Jerome was once known as the Billion Dollar Copper Camp, but after the last mines closed in 1953, the booming population of 15,000 dwindled to 50 determined souls. Although its population has risen back to almost 500, Jerome still holds on to its "ghost town" designation, and several B&Bs and eateries regularly report spirit sightings. It's hard to imagine that this town was once the location of Arizona's largest JCPenney store and one of the state's first Safeway supermarkets. Jerome saw its first revival during the mid-1960s, when hippies arrived and turned it into an arts colony of sorts, and it has since become a tourist attraction. In addition to its shops and historic sites, Jerome is worth visiting for its scenery: it's built into the side of Cleopatra Hill, and from here you can see Sedona's red rocks, Flagstaff's San Francisco Peaks, and even Eastern Arizona's Mogollon Rim country.

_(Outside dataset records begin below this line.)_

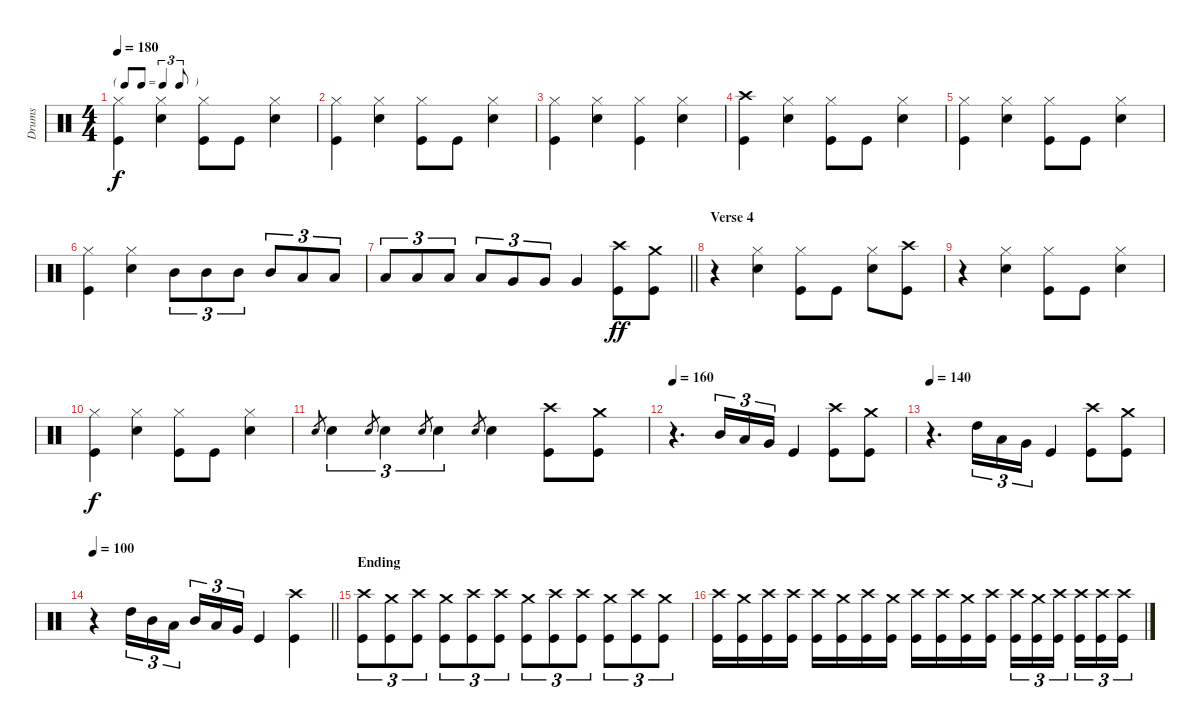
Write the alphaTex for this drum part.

\track ("Drums" "Drums") {instrument percussion}
\staff {score}
\articulation defaults
\ts (4 4)
\tf triplet8th
\tempo 180
\clef neutral
\ks c
("Hi-Hat (closed)" "Kick (hit)").4{dy f} ("Snare (hit) 2" "Hi-Hat (closed)").4 ("Kick (hit)" "Hi-Hat (closed)").8 "Kick (hit)".8 ("Snare (hit) 2" "Hi-Hat (closed)").4 |
("Hi-Hat (closed)" "Kick (hit)").4 ("Snare (hit) 2" "Hi-Hat (closed)").4 ("Kick (hit)" "Hi-Hat (closed)").8 "Kick (hit)".8 ("Snare (hit) 2" "Hi-Hat (closed)").4 |
("Hi-Hat (closed)" "Kick (hit)").4 ("Snare (hit) 2" "Hi-Hat (closed)").4 ("Kick (hit)" "Hi-Hat (closed)").4 ("Snare (hit) 2" "Hi-Hat (closed)").4 |
("Crash high (hit)" "Kick (hit)").4 ("Snare (hit) 2" "Hi-Hat (closed)").4 ("Kick (hit)" "Hi-Hat (closed)").8 "Kick (hit)".8 ("Snare (hit) 2" "Hi-Hat (closed)").4 |
("Hi-Hat (closed)" "Kick (hit)").4 ("Snare (hit) 2" "Hi-Hat (closed)").4 ("Kick (hit)" "Hi-Hat (closed)").8 "Kick (hit)".8 ("Snare (hit) 2" "Hi-Hat (closed)").4 |
("Hi-Hat (closed)" "Kick (hit)").4 ("Snare (hit) 2" "Hi-Hat (closed)").4 "Mid Tom (hit)".8{tu (3 2)} "Mid Tom (hit)".8{tu (3 2)} "Mid Tom (hit)".8{tu (3 2)} "Mid Tom (hit)".8{tu (3 2)} "Low Tom (hit)".8{tu (3 2)} "Low Tom (hit)".8{tu (3 2)} |
\barLineRight lightlight "Low Tom (hit)".8{tu (3 2)} "Low Tom (hit)".8{tu (3 2)} "Low Tom (hit)".8{tu (3 2)} "Low Tom (hit)".8{tu (3 2)} "Very Low Tom (hit)".8{tu (3 2)} "Very Low Tom (hit)".8{tu (3 2)} "Very Low Tom (hit)".4
("Kick (hit)" "Crash high (hit)").8{dy ff} ("Crash medium (hit)" "Kick (hit)").8 |
\section ("" "Verse 4")
r.4 ("Snare (hit) 2" "Hi-Hat (closed)").4 ("Kick (hit)" "Hi-Hat (closed)").8 "Kick (hit)".8 ("Snare (hit) 2" "Hi-Hat (closed)").8 ("Crash high (hit)" "Kick (hit)").8 |
r.4 ("Snare (hit) 2" "Hi-Hat (closed)").4 ("Kick (hit)" "Hi-Hat (closed)").8 "Kick (hit)".8 ("Snare (hit) 2" "Hi-Hat (closed)").4 |
("Hi-Hat (closed)" "Kick (hit)").4{dy f} ("Snare (hit) 2" "Hi-Hat (closed)").4 ("Kick (hit)" "Hi-Hat (closed)").8 "Kick (hit)".8 ("Snare (hit) 2" "Hi-Hat (closed)").4 |
"Snare (hit) 2".8{gr} "Snare (hit) 2".4{tu (3 2)} "Snare (hit) 2".8{gr} "Snare (hit) 2".4{tu (3 2)} "Snare (hit) 2".8{gr} "Snare (hit) 2".4{tu (3 2)} "Snare (hit) 2".8{gr} "Snare (hit) 2".4 ("Kick (hit)" "Crash high (hit)").8 ("Crash medium (hit)" "Kick (hit)").8 |
\tempo 160
r.4{d} "Mid Tom (hit)".16{tu (3 2)} "Low Tom (hit)".16{tu (3 2)} "Very Low Tom (hit)".16{tu (3 2)} "Kick (hit)".4 ("Crash high (hit)" "Kick (hit)").8 ("Crash medium (hit)" "Kick (hit)").8 |
\tempo 140
r.4{d} "High Tom (hit)".16{tu (3 2)} "Low Tom (hit)".16{tu (3 2)} "Very Low Tom (hit)".16{tu (3 2)} "Kick (hit)".4 ("Kick (hit)" "Crash high (hit)").8 ("Crash medium (hit)" "Kick (hit)").8 |
\tempo 100
\barLineRight lightlight
r.4 "High Tom (hit)".16{tu (3 2)} "Mid Tom (hit)".16{tu (3 2)} "Low Tom (hit)".16{tu (3 2) beam splitsecondary} "Mid Tom (hit)".16{tu (3 2)} "Low Tom (hit)".16{tu (3 2)} "Very Low Tom (hit)".16{tu (3 2)} "Kick (hit)".4 ("Kick (hit)" "Crash high (hit)").4 |
\section ("" "Ending")
("Kick (hit)" "Crash high (hit)").8{tu (3 2)} ("Kick (hit)" "Crash medium (hit)").8{tu (3 2)} ("Kick (hit)" "Crash high (hit)").8{tu (3 2)} ("Kick (hit)" "Crash medium (hit)").8{tu (3 2)} ("Kick (hit)" "Crash high (hit)").8{tu (3 2)} ("Kick (hit)" "Crash high (hit)").8{tu (3 2)} ("Kick (hit)" "Crash medium (hit)").8{tu (3 2)} ("Kick (hit)" "Crash high (hit)").8{tu (3 2)} ("Kick (hit)" "Crash high (hit)").8{tu (3 2)} ("Kick (hit)" "Crash medium (hit)").8{tu (3 2)} ("Kick (hit)" "Crash high (hit)").8{tu (3 2)} ("Kick (hit)" "Crash medium (hit)").8{tu (3 2)} |
("Kick (hit)" "Crash high (hit)").16 ("Kick (hit)" "Crash medium (hit)").16 ("Kick (hit)" "Crash high (hit)").16 ("Kick (hit)" "Crash high (hit)").16 ("Kick (hit)" "Crash high (hit)").16 ("Kick (hit)" "Crash medium (hit)").16 ("Kick (hit)" "Crash high (hit)").16 ("Kick (hit)" "Crash medium (hit)").16 ("Kick (hit)" "Crash high (hit)").16 ("Kick (hit)" "Crash high (hit)").16 ("Kick (hit)" "Crash medium (hit)").16 ("Kick (hit)" "Crash high (hit)").16 ("Kick (hit)" "Crash high (hit)").16{tu (3 2)} ("Kick (hit)" "Crash medium (hit)").16{tu (3 2)} ("Kick (hit)" "Crash high (hit)").16{tu (3 2) beam splitsecondary} ("Kick (hit)" "Crash high (hit)").16{tu (3 2)} ("Kick (hit)" "Crash high (hit)").16{tu (3 2)} ("Kick (hit)" "Crash high (hit)").16{tu (3 2)}

Jerome is about a mile above sea level, but structures within town sit at elevations that vary by as much as 1,500 feet, depending on whether they're on Cleopatra Hill or at its foot. Blasting at the United Verde (later Phelps Dodge) mine regularly shook buildings off their foundations—the town's jail slid across a road and down a hillside, where it sits today. And that's not all that was unsteady about Jerome. In 1903 a reporter from a New York newspaper called Jerome "the wickedest town in America," due to its abundance of drinking and gambling establishments—town records from 1880 list 24 saloons. Whether by divine retribution or drunken accidents, the town burned down several times.